Her ne kadar bozma ilamında bu hususta bir açıklık yoksa da, bozma öncesi hazırlanan rapor ile bozma sonrası hazırlanan rapordaki tespitlerin farklı olduğu, ayrıca Dairemizce daha önce temyiz incelemesi yapılan dosyalarda ( 7.Hukuk Dairesi 2015/2535,2538,2540,2541 Esas sayılı ilamları gibi) aynı bilirkişi tarafından hazırlanan raporların bu yönden hatalı olduğunun Dairece kabul edilmesi, hukuki istikrar, eşitlik ve hakkaniyet ilkeleri gözönünde bulundurularak ayrıca bilirkişinin fazla mesaiye ilişkin hesabının tümden hatalı olduğunun bozma ilamında belirtilmesi karşısında bu hususun da tekrar bozma konusu yapılması gerekmektedir. Bu itibarla davacının fiili çalışmasının olmadığı ve çalışmasının 45 saatin altında kalan haftalarda fazla mesai hesaplanması yerinde olmamıştır.
Ayrıca 20 dakikaya kadar erken giriş ve 25 dakikaya kadar geç çıkışları dikkate almayacağını belirtmesine rağmen geç çıkışın 25 dakika, erken girişin ise 20 dakikadan fazla olması halinde ise tümünü dikkate aldığı görülmektedir.
Davacı tarafın kararı temyiz etmemesi nedeniyle Dairemizin de benimsediği hesaplama yönteminde 20 dakikaya kadar erken, 25 dakikaya kadar geç çıkışların dikkate alınmaması gerekmektedir. Ancak mesela 27 dakika geç çıkış varsa 25 dakikası dikkate alınmadığında geriye 2 dakika kalacaktır. 4857 sayılı İş Kanunu"nun 41.maddesinin uygulanması açısından 06.04.2004 tarih ve 25425 sayılı Resmi Gazete"de yayımlanarak yürürlüğe giren Fazla Çalışma ve Fazla Sürelerle Çalışma Yönetmeliği"nin 5/2.maddesine göre fazla mesai hesabında yarım saatten az sürelerin yarım saate tamamlanması gerektiğinden bilirkişinin bu hususta benimsediği hesap yöntemi sonucu itibari ile doğru olduğundan davalı vekilinin bu yöne ilişkin temyiz itirazları yerinde değildir.

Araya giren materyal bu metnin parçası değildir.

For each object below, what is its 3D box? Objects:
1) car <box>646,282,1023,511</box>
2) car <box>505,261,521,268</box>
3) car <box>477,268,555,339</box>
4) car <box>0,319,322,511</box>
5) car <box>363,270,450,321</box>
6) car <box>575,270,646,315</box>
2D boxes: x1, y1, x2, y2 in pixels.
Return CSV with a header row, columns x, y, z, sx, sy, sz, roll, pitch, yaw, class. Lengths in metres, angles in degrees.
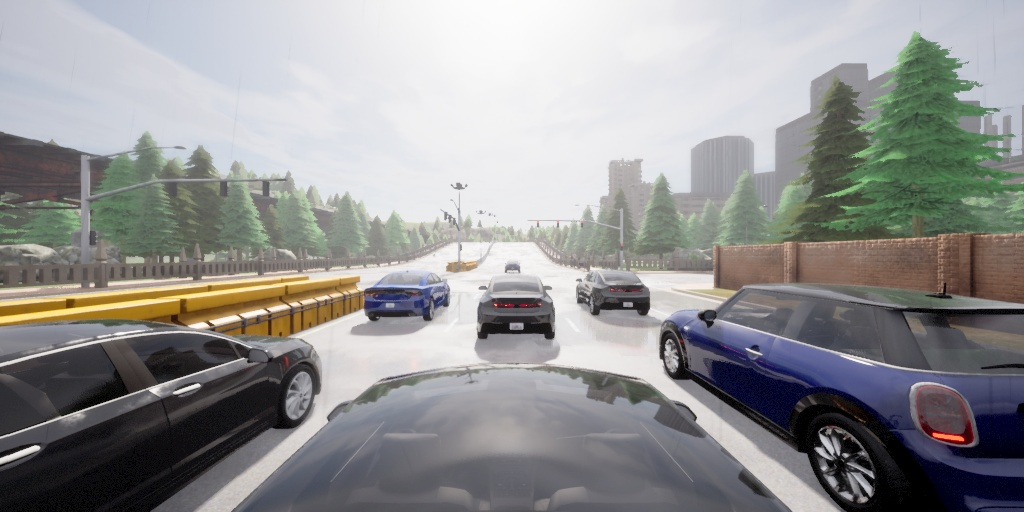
x,y,z,sx,sy,sz,roll,pitch,yaw,class
3.601,1.102,4.406,2.097,1.767,4.553,0,0,0,car
0.076,1.276,44.430,1.812,1.442,4.674,0,0,0,car
0.097,1.255,10.057,1.837,1.490,4.892,0,0,0,car
-3.400,1.255,2.750,1.837,1.490,4.892,0,0,0,car
-3.402,1.228,12.480,1.882,1.535,5.008,0,0,0,car
3.616,1.255,13.491,1.837,1.490,4.892,0,0,1,car

Bu anlatılanlardan başka, bozma sonrası bozma ilamı uyarınca dosyaya getirtilen belgelerden davalı işverenin Toplu İş Sözleşmesi kapsamı dışında tutulan “Aylık Ücretli Personel” hakkında uyguladığı “Aylık Ücretli Personel Yönetmeliği” bulunduğu görülmektedir. 18.03.2013 yürürlük tarihli revizyon edilmiş "Aylık Ücretli Personel Yönetmeliği”nin 4.02.maddesinde vardiya düzeni dışında çalışan formenler ile makam şoförleri hariç vardiya düzeni dışında çalışan personelin yaptığı fazla çalışmaların yasal sınırlar içinde kalmak kaydı ile aylık ücrete dahil olduğu yazılıdır. Bu nedenle istek dönemini (2009 Mart-2011 Haziran) kapsayan Aylık Ücretli Personel Yönetmelikleri getirtilmeli, hepsinde aynı hükmün bulunduğu ve davacıyı kapsadığı ve davacıya tebliğ edilerek davacının kabul ettiğinin, ihtirazi kaydının olmadığının anlaşılması halinde davacı işçinin ücret seviyesi de dikkate alındığında yıllık 270 saatlik fazla mesainin aylık ücrete dahil olduğu kabul edilmeli ve günde 11 saati aşan süreler ile gece çalışmasında 7,5 saati aşan çalışmalar hariç 270 saatin tamamlandığı dönem sonrası hesaplama yapılması gerekmektedir.
Yapılacak iş, yukarıda yazılı şekilde denetime elverişli ek hesap raporu almak ve bir değerlendirmeye tabi tutarak çıkacak sonuca göre karar vermek olmalıdır.
Bozmaya uyulmasına rağmen bozmanın gereklerini dikkate almadan düzenlenen rapora göre karar verilmesi doğru değildir.
O halde davalı vekilinin bu yönleri amaçlayan temyiz itirazları kabul edilmeli ve karar bozulmalıdır.
SONUÇ:Temyiz olunan kararın, yukarıda yazılı nedenlerle BOZULMASINA, peşin alınan temyiz harcının istek halinde davalıya iadesine, 15.06.2015 gününde oybirliğiyle karar verildi.